[RECORDS FOR THIS EXERCISE]

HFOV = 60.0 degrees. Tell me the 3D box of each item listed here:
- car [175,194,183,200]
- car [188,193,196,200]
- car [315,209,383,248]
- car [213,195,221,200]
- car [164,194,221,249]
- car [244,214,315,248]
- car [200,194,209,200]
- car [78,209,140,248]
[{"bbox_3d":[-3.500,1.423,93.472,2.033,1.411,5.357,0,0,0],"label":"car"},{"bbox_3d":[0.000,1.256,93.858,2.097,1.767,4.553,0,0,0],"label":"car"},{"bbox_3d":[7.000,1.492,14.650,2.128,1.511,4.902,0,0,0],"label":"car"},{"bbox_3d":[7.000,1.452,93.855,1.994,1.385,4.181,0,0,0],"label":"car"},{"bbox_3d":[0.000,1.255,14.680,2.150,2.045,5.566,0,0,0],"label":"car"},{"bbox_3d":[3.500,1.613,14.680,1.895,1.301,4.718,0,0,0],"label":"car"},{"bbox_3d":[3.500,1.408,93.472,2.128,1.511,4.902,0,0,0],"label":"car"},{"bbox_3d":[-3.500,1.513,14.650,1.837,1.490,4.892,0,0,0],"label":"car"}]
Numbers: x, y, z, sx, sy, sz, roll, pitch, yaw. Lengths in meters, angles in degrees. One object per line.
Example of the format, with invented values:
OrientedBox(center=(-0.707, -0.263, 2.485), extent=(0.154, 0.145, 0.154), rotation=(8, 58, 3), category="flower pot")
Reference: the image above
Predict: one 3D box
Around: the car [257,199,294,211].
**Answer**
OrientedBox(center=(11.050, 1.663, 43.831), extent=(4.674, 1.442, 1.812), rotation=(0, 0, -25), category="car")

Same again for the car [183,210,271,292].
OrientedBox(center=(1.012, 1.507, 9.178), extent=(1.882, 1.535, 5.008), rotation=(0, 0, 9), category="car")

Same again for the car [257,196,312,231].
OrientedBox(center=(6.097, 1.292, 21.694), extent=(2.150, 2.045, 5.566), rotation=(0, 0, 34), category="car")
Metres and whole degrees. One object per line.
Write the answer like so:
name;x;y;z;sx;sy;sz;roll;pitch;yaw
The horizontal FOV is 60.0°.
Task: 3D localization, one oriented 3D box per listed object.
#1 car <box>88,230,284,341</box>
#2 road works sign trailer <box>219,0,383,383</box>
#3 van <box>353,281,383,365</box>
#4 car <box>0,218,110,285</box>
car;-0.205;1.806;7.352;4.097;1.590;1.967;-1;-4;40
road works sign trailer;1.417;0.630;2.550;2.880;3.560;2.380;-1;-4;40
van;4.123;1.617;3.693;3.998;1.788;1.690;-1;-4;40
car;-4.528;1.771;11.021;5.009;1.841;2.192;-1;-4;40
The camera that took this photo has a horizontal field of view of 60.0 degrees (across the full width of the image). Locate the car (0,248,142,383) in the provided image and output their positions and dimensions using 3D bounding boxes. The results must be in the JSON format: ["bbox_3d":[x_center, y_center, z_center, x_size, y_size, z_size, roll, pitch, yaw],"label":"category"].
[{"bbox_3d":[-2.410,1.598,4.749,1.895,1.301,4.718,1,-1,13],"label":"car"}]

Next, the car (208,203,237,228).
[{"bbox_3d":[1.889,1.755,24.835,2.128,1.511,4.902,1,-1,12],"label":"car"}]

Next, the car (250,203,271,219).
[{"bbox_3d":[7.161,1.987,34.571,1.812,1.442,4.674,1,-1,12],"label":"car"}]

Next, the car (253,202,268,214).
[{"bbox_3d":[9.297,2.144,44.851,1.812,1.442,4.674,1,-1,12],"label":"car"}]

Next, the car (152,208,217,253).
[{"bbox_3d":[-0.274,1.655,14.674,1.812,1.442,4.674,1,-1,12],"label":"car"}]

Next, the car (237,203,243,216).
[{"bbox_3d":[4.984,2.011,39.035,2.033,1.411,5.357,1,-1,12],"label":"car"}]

[/RECORDS FOR THIS EXERCISE]
[RECORDS FOR THIS EXERCISE]

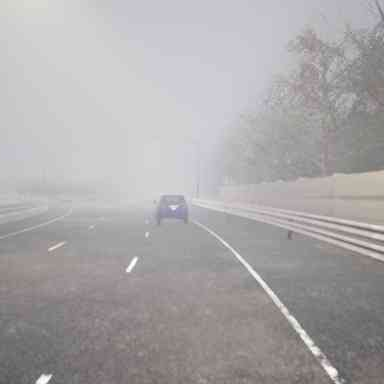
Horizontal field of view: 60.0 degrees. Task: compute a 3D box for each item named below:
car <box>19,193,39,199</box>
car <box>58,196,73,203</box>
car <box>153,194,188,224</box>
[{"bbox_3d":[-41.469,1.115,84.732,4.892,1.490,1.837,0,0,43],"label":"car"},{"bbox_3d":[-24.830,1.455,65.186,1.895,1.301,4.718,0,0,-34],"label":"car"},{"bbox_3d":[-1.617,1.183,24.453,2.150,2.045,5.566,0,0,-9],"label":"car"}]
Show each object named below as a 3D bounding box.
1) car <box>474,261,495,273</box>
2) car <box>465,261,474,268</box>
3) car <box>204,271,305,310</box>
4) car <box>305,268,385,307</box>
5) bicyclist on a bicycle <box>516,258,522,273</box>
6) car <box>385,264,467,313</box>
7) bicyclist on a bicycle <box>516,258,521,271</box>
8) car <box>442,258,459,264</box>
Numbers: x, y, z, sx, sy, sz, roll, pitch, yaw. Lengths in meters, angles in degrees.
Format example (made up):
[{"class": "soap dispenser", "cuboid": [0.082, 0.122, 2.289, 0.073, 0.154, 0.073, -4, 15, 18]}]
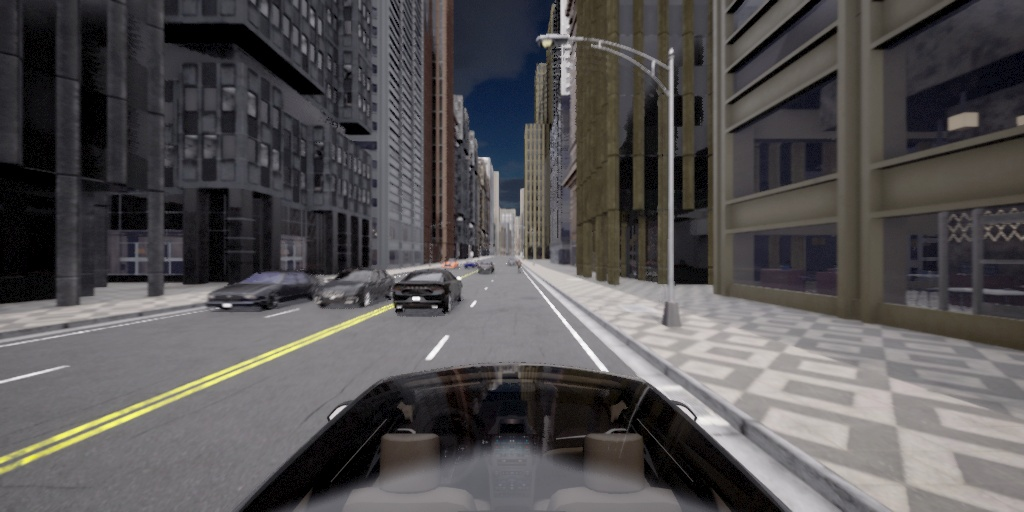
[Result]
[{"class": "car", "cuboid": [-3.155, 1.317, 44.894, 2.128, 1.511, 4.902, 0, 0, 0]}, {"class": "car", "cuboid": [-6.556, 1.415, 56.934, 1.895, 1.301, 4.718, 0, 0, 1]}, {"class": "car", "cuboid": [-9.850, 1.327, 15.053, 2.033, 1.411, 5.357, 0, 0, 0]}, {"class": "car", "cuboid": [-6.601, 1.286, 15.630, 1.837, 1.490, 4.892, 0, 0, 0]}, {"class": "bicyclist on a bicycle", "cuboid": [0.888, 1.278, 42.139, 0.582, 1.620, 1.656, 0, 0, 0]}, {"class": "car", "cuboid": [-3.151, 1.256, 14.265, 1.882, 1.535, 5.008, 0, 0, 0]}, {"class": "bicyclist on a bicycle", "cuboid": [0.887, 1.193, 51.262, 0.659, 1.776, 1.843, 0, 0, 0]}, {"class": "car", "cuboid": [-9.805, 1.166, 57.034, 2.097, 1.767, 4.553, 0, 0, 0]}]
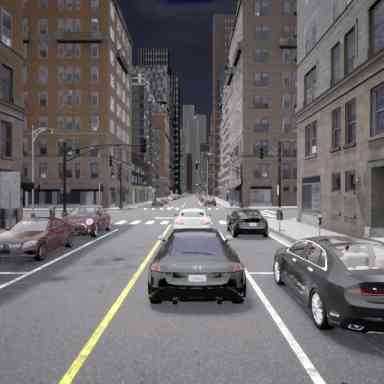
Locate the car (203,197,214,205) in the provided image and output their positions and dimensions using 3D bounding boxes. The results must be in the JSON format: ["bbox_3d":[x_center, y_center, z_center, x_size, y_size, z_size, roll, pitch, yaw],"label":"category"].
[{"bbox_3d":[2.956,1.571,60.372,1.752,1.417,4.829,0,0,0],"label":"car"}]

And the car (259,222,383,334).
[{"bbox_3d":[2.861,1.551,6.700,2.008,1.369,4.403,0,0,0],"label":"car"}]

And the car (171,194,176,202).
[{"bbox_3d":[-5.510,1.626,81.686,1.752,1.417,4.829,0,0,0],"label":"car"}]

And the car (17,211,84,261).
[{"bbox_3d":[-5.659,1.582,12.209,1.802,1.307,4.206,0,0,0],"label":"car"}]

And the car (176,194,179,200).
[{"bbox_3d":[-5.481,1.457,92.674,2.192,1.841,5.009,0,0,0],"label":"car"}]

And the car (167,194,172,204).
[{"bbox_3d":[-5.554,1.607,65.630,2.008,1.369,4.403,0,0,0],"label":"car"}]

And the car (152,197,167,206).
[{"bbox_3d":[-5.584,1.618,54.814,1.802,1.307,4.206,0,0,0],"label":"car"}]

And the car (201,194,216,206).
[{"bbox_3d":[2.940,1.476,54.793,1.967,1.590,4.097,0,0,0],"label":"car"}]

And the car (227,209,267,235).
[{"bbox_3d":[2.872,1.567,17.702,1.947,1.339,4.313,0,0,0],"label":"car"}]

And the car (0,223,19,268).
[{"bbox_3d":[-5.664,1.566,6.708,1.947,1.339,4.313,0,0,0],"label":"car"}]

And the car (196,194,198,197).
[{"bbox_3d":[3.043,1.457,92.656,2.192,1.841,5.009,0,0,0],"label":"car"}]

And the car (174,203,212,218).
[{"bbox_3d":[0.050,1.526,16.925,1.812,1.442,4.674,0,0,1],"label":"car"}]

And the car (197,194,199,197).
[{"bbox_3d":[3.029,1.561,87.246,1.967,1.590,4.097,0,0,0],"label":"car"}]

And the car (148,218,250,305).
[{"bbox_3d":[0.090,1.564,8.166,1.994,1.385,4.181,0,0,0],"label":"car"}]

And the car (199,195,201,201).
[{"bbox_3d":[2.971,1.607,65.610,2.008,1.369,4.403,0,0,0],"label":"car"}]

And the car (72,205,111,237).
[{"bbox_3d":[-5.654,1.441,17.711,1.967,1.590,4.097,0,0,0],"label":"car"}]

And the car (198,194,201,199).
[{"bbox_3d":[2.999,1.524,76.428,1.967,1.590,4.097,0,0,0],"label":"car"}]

[/RECORDS FOR THIS EXERCISE]
[RECORDS FOR THIS EXERCISE]

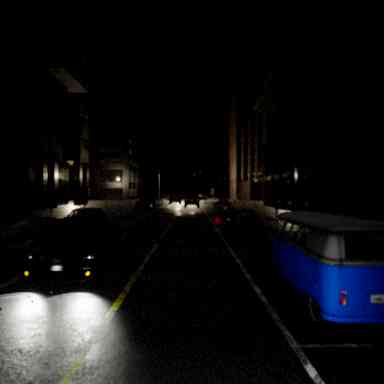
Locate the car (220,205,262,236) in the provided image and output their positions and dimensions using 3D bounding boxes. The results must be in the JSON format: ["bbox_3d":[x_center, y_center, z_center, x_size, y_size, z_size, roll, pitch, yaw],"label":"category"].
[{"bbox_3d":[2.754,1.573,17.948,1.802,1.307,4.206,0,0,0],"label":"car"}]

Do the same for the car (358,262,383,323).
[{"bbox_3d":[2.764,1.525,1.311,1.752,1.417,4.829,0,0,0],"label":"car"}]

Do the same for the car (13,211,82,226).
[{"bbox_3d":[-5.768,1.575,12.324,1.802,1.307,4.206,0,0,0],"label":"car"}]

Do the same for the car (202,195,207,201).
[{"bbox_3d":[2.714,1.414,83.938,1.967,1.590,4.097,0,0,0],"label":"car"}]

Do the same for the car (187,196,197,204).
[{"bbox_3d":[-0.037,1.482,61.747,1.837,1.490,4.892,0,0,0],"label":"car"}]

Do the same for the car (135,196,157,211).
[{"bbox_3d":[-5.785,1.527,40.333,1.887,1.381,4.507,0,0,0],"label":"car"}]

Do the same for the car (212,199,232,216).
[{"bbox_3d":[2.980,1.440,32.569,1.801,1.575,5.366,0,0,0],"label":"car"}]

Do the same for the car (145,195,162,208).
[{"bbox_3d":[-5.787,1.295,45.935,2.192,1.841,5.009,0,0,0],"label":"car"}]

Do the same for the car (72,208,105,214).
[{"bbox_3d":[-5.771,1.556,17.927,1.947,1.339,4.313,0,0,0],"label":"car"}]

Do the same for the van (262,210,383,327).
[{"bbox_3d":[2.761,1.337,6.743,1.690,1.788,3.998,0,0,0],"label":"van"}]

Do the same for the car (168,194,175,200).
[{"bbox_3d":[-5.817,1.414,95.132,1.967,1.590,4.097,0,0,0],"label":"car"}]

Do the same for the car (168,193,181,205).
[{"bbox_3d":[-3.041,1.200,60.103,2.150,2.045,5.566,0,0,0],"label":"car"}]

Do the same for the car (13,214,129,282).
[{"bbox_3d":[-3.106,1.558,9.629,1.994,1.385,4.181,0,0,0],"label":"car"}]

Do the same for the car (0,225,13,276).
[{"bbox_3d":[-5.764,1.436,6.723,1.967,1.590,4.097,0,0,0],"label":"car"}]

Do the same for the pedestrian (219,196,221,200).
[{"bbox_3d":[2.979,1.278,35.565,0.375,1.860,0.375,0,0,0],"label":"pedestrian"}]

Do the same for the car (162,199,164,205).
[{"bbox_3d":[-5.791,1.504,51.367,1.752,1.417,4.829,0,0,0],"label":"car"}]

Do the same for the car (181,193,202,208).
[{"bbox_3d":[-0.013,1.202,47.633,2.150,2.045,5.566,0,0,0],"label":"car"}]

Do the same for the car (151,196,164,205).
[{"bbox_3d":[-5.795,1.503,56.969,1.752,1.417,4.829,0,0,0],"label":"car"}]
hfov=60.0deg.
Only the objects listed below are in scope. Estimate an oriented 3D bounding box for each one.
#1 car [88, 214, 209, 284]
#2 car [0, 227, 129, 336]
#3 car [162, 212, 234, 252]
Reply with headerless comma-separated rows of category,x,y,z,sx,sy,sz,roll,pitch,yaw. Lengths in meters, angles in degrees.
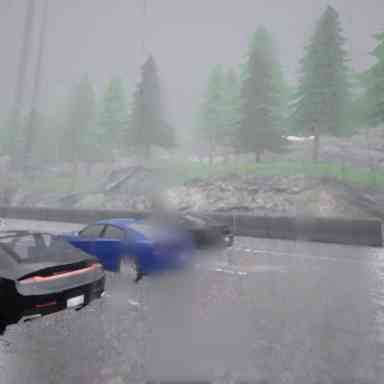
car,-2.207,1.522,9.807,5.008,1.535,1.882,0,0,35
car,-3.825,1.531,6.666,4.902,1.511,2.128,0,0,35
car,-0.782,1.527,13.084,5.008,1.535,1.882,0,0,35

[/RECORDS FOR THIS EXERCISE]

ABOUT THIS EXERCISE: What you return must be an exact retyping of the lines above starting at the line with "HFOV = 60.0" and ending at the line with "- car [200,194,209,200]", and nothing besides.

EXERCISE RESULT:
HFOV = 60.0 degrees. Tell me the 3D box of each item listed here:
- car [175,194,183,200]
- car [188,193,196,200]
- car [315,209,383,248]
- car [213,195,221,200]
- car [164,194,221,249]
- car [244,214,315,248]
- car [200,194,209,200]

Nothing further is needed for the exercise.